Le roi Arthus (King Arthur) is an opera in three acts by the French composer Ernest Chausson to his own libretto. It was composed between 1886 and 1895, and first performed 30 November 1903 at the Théâtre de la Monnaie, Brussels, after long delays. The musical style is heavily influenced by the works of Richard Wagner, particularly Tristan und Isolde and Parsifal, as well as César Franck. The scenery at the premiere was designed by Albert Dubosq and the symbolist painter Fernand Khnopff; it was executed by Dubosq's atelier together with Chausson's brother-in-law Henry Lerolle and under the supervision of Chausson's widow.

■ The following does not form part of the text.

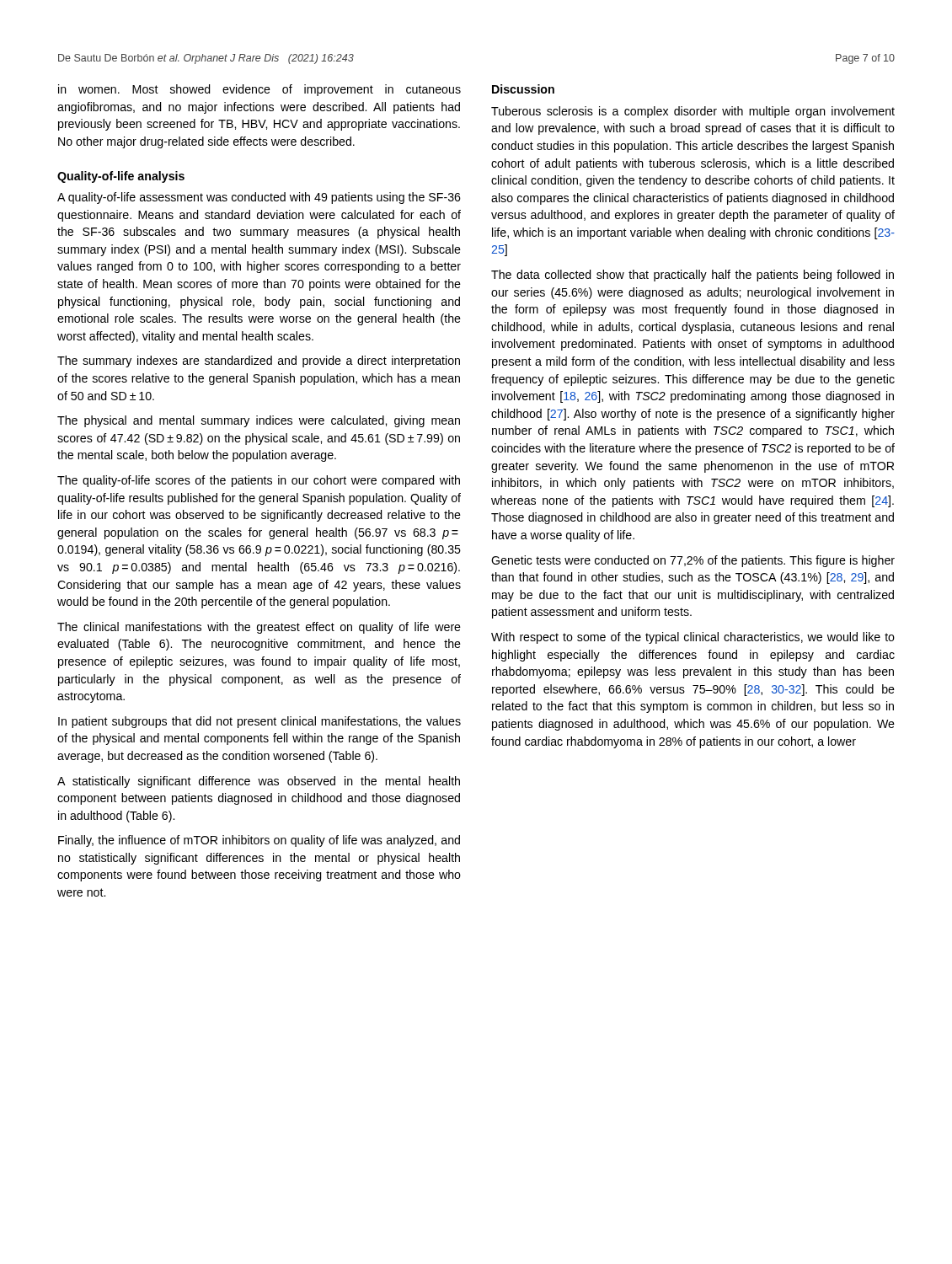Locate the text block containing "Finally, the influence of mTOR inhibitors on"
The image size is (952, 1264).
click(259, 867)

The opera was revived at the Paris Opera in May 2015 with Thomas Hampson in the title role, Sophie Koch as Genièvre and Roberto Alagna as Lancelot, conducted by Philippe Jordan, in a production by Graham Vick.

==Roles==

Roles, voice types, premiere cast
| Role | Voice type | Premiere cast, 30 November 1903 Conductor: Sylvain Dupuis |
| Arthus | baritone | Henri Albers |
| Genièvre | mezzo-soprano | Jeanne Paquot d'Assy |
| Lancelot | tenor | Charles Dalmorès |
| Lyonnel | tenor | Ernest Forgeur |
| Merlin | baritone | Édouard Cotreuil |
| Mordred | bass | François |
| Allan | bass | Jean Vallier |
| A worker | tenor | Henner |
| A knight / a squire | bass | Danlée |
Chorus: Knights, squires, pages, bards; Genièvre's ladies

==Synopsis==
- Act 1
  Fresh from his defeat of the Saxons, King Arthur praises the fighting prowess of the Knights of the Round Table, particularly Lancelot. That night Lancelot meets Arthur's wife Guinevere for an adulterous tryst but the two are spied on by Mordred. Lancelot fights and wounds him.

- Act 2
  Lancelot flees to his castle with Guinevere. He learns that Mordred has survived and revealed the truth to the king. Arthur consults the wizard Merlin who foretells the downfall of the Round Table.

- Act 3
  Arthur pursues Lancelot and gives battle, but Lancelot throws away his weapons and refuses to fight his king. Guinevere, fearing Lancelot's imminent death, strangles herself with her own hair. Arthur forgives the mortally wounded Lancelot. A vessel arrives at the coast to bring the king to the 'Ideal'.

==Recordings==
- 1986: Gino Quilico, Teresa Zylis-Gara, Gösta Winbergh, René Massis, French Radio Chorus and New Philharmonic Orchestra, conducted by Armin Jordan (Erato)
- 1996: Philippe Rouillon, Susan Anthony, Douglas Nasrawi, Evgenij Demerdjiev, Vienna Symphony Orchestra, conducted by Marcello Viotti. (KOCH. Bregenz Festival: there are some cuts.)
- 2005: François Le Roux, Susan Bullock, Donald McIntyre, Andrew Schroeder, Paul Parfitt, BBC Symphony Orchestra, conducted by Leon Botstein (Telarc, 2005)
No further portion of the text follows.